# Parsing Element Compositions
This notebook shows how to load a dataset of elemental composition then computing fractions of each element.

We're going to use [matminer](https://github.com/hackingmaterials/matminer) to do this, which is also a good route [for computing other features](https://github.com/hackingmaterials/matminer_examples/blob/main/matminer_examples/machine_learning-nb/formation_e.ipynb).

In [1]:
from matminer.featurizers.composition import ElementFraction
from matminer.featurizers.conversions import StrToComposition
from pymatgen import Composition
import pandas as pd
import numpy as np

## Make some example data.
We'll just make some easy compositions to start with

In [2]:
data = pd.DataFrame({'formula': ['NaCl', 'F2O3', 'Ba(NO3)2']})
data

Unnamed: 0,formula
0,NaCl
1,F2O3
2,Ba(NO3)2


## Parsing the compositions
The first thing we need to do before computing element fractions is parse the data from a string to the [pymatgen `Composition` object](https://pymatgen.org/pymatgen.core.composition.html#pymatgen.core.composition.Composition).

In [3]:
comp = Composition('FeO')
comp

Comp: Fe1 O1

These object possess a lot of functions used to study inorganic compositions (kind of like what RDKit does for molecules).

In [4]:
comp.get_wt_fraction('Fe')

0.7773048421310499

Matminer provides the ability to parse these compositions in a dataframe automatically.

Create the "converstion tool" and then call "featurize_many" to run the conversion for every entry in the column

In [5]:
feat = StrToComposition()
feat.featurize_dataframe(data, 'formula', pbar=False, inplace=True)  # Give it the data and the column to be parsed

In [6]:
last = data.iloc[-1]
print(f'The composition of {last["formula"]} was parsed to {last["composition"]}')

The composition of Ba(NO3)2 was parsed to Ba1 N2 O6


Note how it does nice things, like respect parentheses.

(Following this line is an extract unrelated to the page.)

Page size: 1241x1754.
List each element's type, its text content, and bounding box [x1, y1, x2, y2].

## Computing element fractions
There is a similar "featurizer" for computing element fractions

In [7]:
feat = ElementFraction()

In [8]:
feat.featurize_dataframe(data, 'composition', pbar=False, inplace=True)

  self[k1] = value[k2]


Note how it now contains columns named after the elements

In [9]:
data

Unnamed: 0,formula,composition,H,He,Li,Be,B,C,N,O,...,Pu,Am,Cm,Bk,Cf,Es,Fm,Md,No,Lr
0,NaCl,"(Na, Cl)",0,0,0,0,0,0,0.0,0.0,...,0,0,0,0,0,0,0,0,0,0
1,F2O3,"(F, O)",0,0,0,0,0,0,0.0,0.6,...,0,0,0,0,0,0,0,0,0,0
2,Ba(NO3)2,"(Ba, N, O)",0,0,0,0,0,0,0.222222,0.666667,...,0,0,0,0,0,0,0,0,0,0


You can get the names of the new columns from the Featurizer

In [10]:
feat.feature_labels()[:10]

['H', 'He', 'Li', 'Be', 'B', 'C', 'N', 'O', 'F', 'Ne']

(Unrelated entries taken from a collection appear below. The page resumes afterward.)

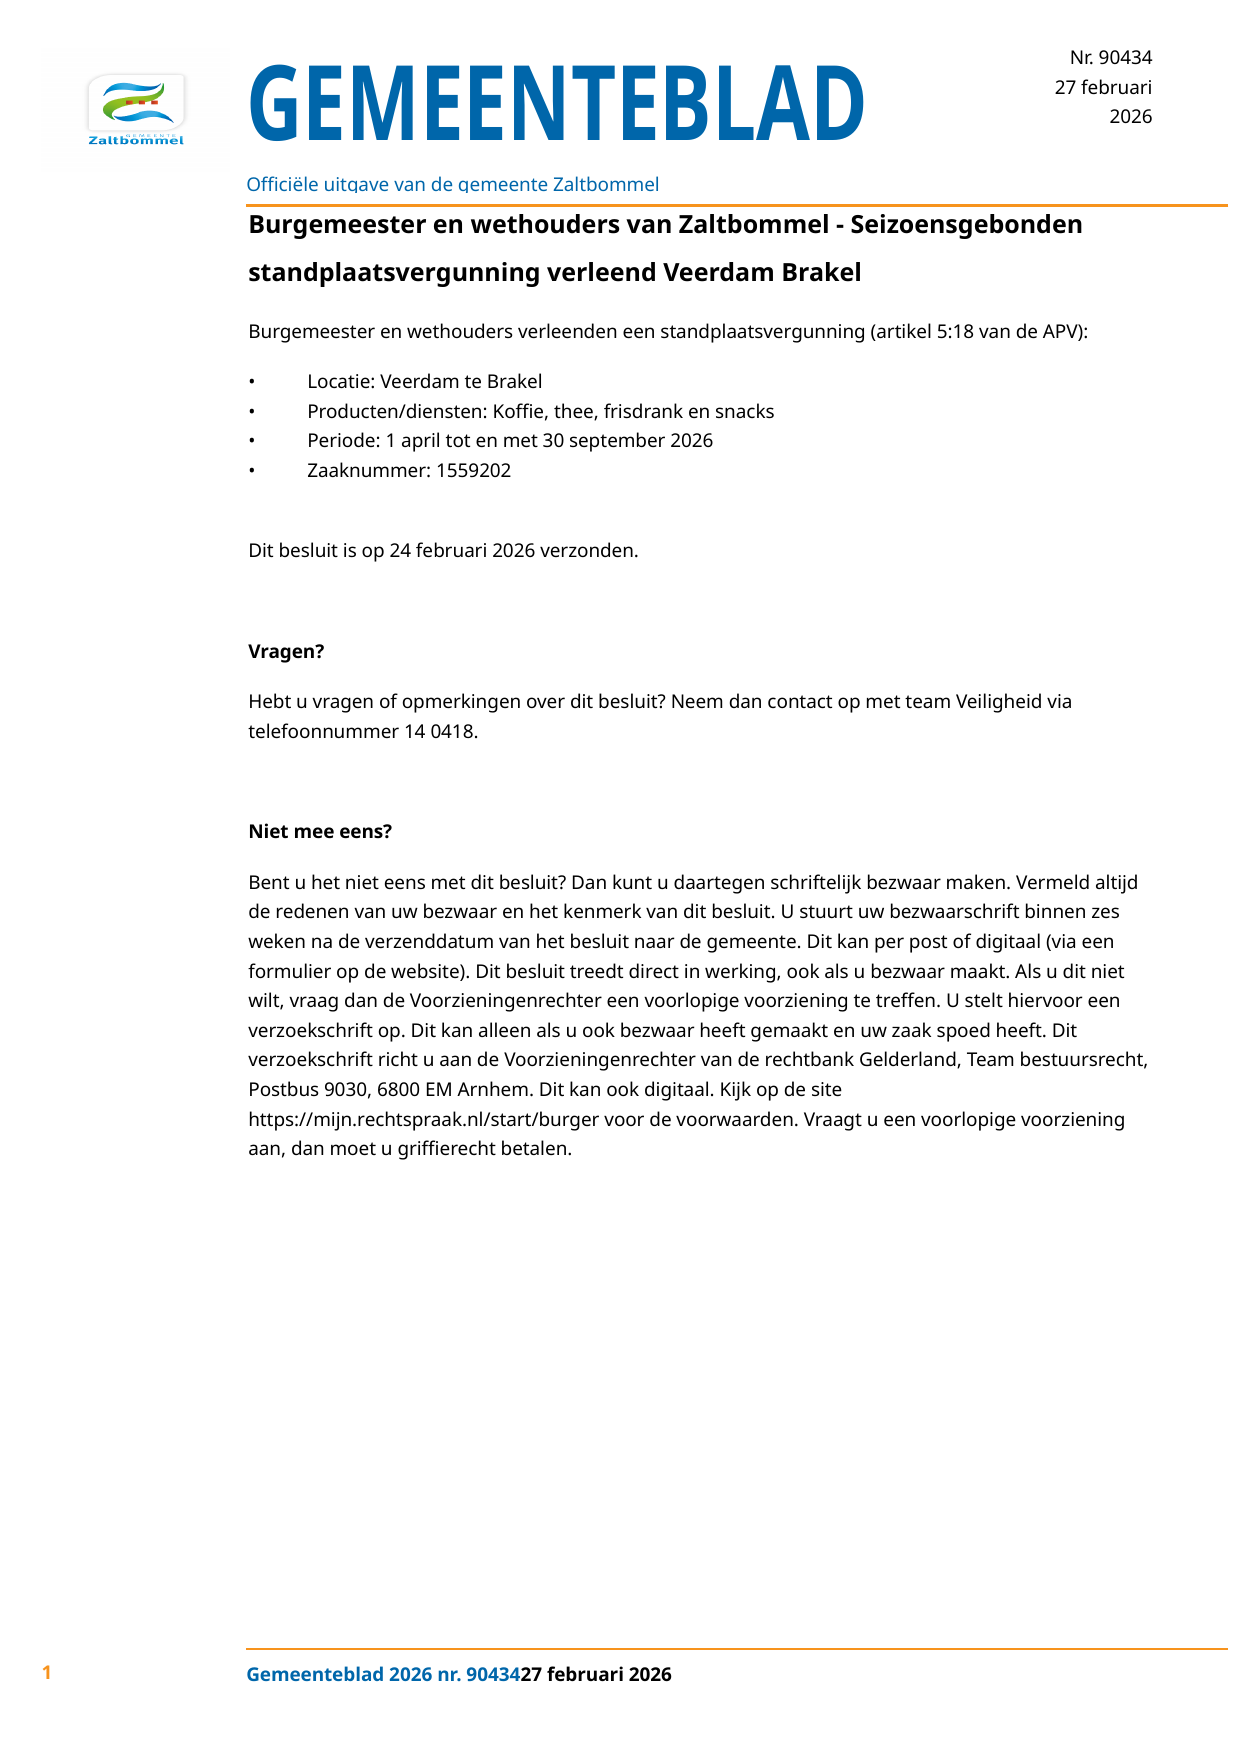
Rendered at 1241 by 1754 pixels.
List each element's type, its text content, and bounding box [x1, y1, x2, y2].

picture [41, 47, 231, 172]
text Bent u het niet eens met dit besluit? Dan kunt u daartegen schriftelijk bezwaar maken. Vermeld altijd de redenen van uw bezwaar en het kenmerk van dit besluit. U stuurt uw bezwaarschrift binnen zes weken na de verzenddatum van het besluit naar de gemeente. Dit kan per post of digitaal (via een formulier op de website). Dit besluit treedt direct in werking, ook als u bezwaar maakt. Als u dit niet wilt, vraag dan de Voorzieningenrechter een voorlopige voorziening te treffen. U stelt hiervoor een verzoekschrift op. Dit kan alleen als u ook bezwaar heeft gemaakt en uw zaak spoed heeft. Dit verzoekschrift richt u aan de Voorzieningenrechter van de rechtbank Gelderland, Team bestuursrecht, Postbus 9030, 6800 EM Arnhem. Dit kan ook digitaal. Kijk op de site https://mijn.rechtspraak.nl/start/burger voor de voorwaarden. Vraagt u een voorlopige voorziening aan, dan moet u griffierecht betalen. [248, 869, 1152, 1161]
text Vragen? [248, 638, 1152, 664]
text Burgemeester en wethouders verleenden een standplaatsvergunning (artikel 5:18 van de APV): [248, 318, 1152, 344]
list Periode: 1 april tot en met 30 september 2026 [248, 427, 1152, 453]
list Producten/diensten: Koffie, thee, frisdrank en snacks [248, 398, 1152, 424]
list Locatie: Veerdam te Brakel [248, 368, 1152, 394]
list Zaaknummer: 1559202 [248, 457, 1152, 483]
text Dit besluit is op 24 februari 2026 verzonden. [248, 537, 1152, 563]
text Burgemeester en wethouders van Zaltbommel - Seizoensgebonden standplaatsvergunning verleend Veerdam Brakel [248, 207, 1152, 288]
text Hebt u vragen of opmerkingen over dit besluit? Neem dan contact op met team Veiligheid via telefoonnummer 14 0418. [248, 688, 1152, 744]
text Niet mee eens? [248, 819, 1152, 844]

So, if you wanted to feed them to an ML algorithm

In [11]:
data[feat.feature_labels()]

Unnamed: 0,H,He,Li,Be,B,C,N,O,F,Ne,...,Pu,Am,Cm,Bk,Cf,Es,Fm,Md,No,Lr
0,0,0,0,0,0,0,0.0,0.0,0.0,0,...,0,0,0,0,0,0,0,0,0,0
1,0,0,0,0,0,0,0.0,0.6,0.4,0,...,0,0,0,0,0,0,0,0,0,0
2,0,0,0,0,0,0,0.222222,0.666667,0.0,0,...,0,0,0,0,0,0,0,0,0,0


You can also call `transform` to compute them on demand

In [12]:
np.array(feat.transform(data['composition']))

array([[0.        , 0.        , 0.        , 0.        , 0.        ,
        0.        , 0.        , 0.        , 0.        , 0.        ,
        0.5       , 0.        , 0.        , 0.        , 0.        ,
        0.        , 0.5       , 0.        , 0.        , 0.        ,
        0.        , 0.        , 0.        , 0.        , 0.        ,
        0.        , 0.        , 0.        , 0.        , 0.        ,
        0.        , 0.        , 0.        , 0.        , 0.        ,
        0.        , 0.        , 0.        , 0.        , 0.        ,
        0.        , 0.        , 0.        , 0.        , 0.        ,
        0.        , 0.        , 0.        , 0.        , 0.        ,
        0.        , 0.        , 0.        , 0.        , 0.        ,
        0.        , 0.        , 0.        , 0.        , 0.        ,
        0.        , 0.        , 0.        , 0.        , 0.        ,
        0.        , 0.        , 0.        , 0.        , 0.        ,
        0.        , 0.        , 0.        , 0.